3. A mechanically tuned polarization reconfigurable array antenna according to claim 2, wherein a predetermined size of air gap constriction is provided in the first slot gap waveguide (23); wherein the air gap constriction is a slot gap equivalent capacitance structure (231).

4. A mechanically tuned polarization reconfigurable array antenna according to claim 1, characterized in that the bottom ends of the metal pins (22) are connected to the top surface of the metal mesa (21), and that an air gap is provided between the top ends of the metal pins (22) and the bottom surface of the network grid layer (1).

5. A mechanically tuned polarization reconfigurable array antenna according to claim 4, wherein the metal pins (22) are of a square cross-section columnar structure; the side length of the section of each metal nail (22) is 1mm, the height of each metal nail (22) is 2.4mm, and the periodic interval between two adjacent metal nails (22) is 2mm; the height dimension of the air gap is 0.1mm.

6. A mechanically tuned polarization reconfigurable array antenna according to claim 1, wherein the mechanical tuning mechanism (3) comprises a master power module and four slave power modules; the main power module is arranged below the center of the bottom surface of the metal table top (21); the four driven modules have the same structure and are uniformly distributed around the main power module;

the output ends of the main power module are connected with the input ends of the four driven modules, and the output ends of the four driven modules are respectively connected with the extension ends of the four cylindrical polarization columns (261); wherein the main power module is used for inputting the rotation power for driving the cylindrical polarization column (261); the driven module is used for transmitting the rotation power for driving the cylindrical polarization column (261) to the corresponding cylindrical polarization column (261) so as to drive the cylindrical polarization column (261) to rotate.

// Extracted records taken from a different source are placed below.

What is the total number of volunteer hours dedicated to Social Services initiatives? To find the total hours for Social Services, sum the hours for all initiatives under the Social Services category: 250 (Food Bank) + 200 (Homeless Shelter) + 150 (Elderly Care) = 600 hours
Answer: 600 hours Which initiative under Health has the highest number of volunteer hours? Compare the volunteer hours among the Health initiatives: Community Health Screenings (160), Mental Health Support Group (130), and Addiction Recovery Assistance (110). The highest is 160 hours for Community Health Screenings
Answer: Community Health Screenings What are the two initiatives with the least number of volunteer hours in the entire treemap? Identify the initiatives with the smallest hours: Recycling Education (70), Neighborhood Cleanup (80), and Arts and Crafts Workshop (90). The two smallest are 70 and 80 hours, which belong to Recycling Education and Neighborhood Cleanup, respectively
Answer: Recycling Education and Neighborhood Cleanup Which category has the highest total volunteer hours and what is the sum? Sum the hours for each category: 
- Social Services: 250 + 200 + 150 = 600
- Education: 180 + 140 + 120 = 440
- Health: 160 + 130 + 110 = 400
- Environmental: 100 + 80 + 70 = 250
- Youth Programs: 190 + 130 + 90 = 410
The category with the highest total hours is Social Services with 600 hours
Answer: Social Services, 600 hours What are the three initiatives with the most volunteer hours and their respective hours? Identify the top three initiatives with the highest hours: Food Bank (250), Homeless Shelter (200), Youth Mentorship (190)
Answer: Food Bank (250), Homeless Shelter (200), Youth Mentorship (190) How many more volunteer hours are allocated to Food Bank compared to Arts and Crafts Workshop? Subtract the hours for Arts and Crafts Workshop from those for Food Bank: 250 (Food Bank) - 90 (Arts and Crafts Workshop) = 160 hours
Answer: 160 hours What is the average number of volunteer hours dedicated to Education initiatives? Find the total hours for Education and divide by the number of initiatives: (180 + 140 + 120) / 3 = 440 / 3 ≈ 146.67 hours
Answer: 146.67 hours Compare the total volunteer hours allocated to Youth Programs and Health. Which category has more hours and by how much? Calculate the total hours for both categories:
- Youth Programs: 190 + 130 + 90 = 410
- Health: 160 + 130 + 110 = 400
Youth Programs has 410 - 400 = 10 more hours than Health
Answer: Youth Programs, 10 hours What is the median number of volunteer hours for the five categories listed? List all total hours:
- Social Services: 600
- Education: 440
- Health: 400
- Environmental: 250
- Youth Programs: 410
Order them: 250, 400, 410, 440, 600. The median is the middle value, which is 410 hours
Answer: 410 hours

7. A mechanically tuned polarization reconfigurable array antenna according to claim 6, wherein the main power module comprises a main power turntable (31), a main power bearing (32), a main power gear (34) and a main power shaft (36); the main power turntable (31) is arranged at the bottom end part of the main power table (36); the driving bearing (32) and the driving gear (34) are sequentially sleeved on the outer side of the driving shaft (36); wherein the driving bearing (32) is arranged close to one end of the main power turntable (31), and the driving gear (34) is positioned in the middle of the driving shaft (36);

the driven module comprises a driven bearing (33), a driven gear (35), a driven shaft (37) and a rotary table top (38); the driven shaft (37) is vertically arranged below the bottom surface of the metal table top (21), and the driven shaft (37) and the driving shaft (36) are arranged in parallel; the driven bearing (33) is sleeved outside the bottom end of the driven shaft (37), and the driven gear (35) is sleeved outside the middle of the driven shaft (37); wherein the driving gear (34) and the driven gear (35) are meshed with each other;

the rotary table top (38) is horizontally arranged at the top end of the driven shaft (37); the center of the lower end face of the rotary table top (38) is connected with the top end of the driven shaft (37), and the upper end face of the rotary table top (38) is fixed with the extending end of one of the cylindrical polarization columns (261); wherein the connection point of the cylindrical polarization column (261) and the rotary table top (38) is arranged offset from the center of the rotary table top (38).

8. A mechanically tuned polarization reconfigurable array antenna according to claim 7, wherein a bond connection is used between the rotating mesa (38) and the cylindrical polarization column (261).

9. A mechanically tuned polarization reconfigurable array antenna according to claim 1, characterized in that the network grid layer (1) is periodically provided with circular radiation spaces; the circular radiation spaces are separated by square metal wall grids.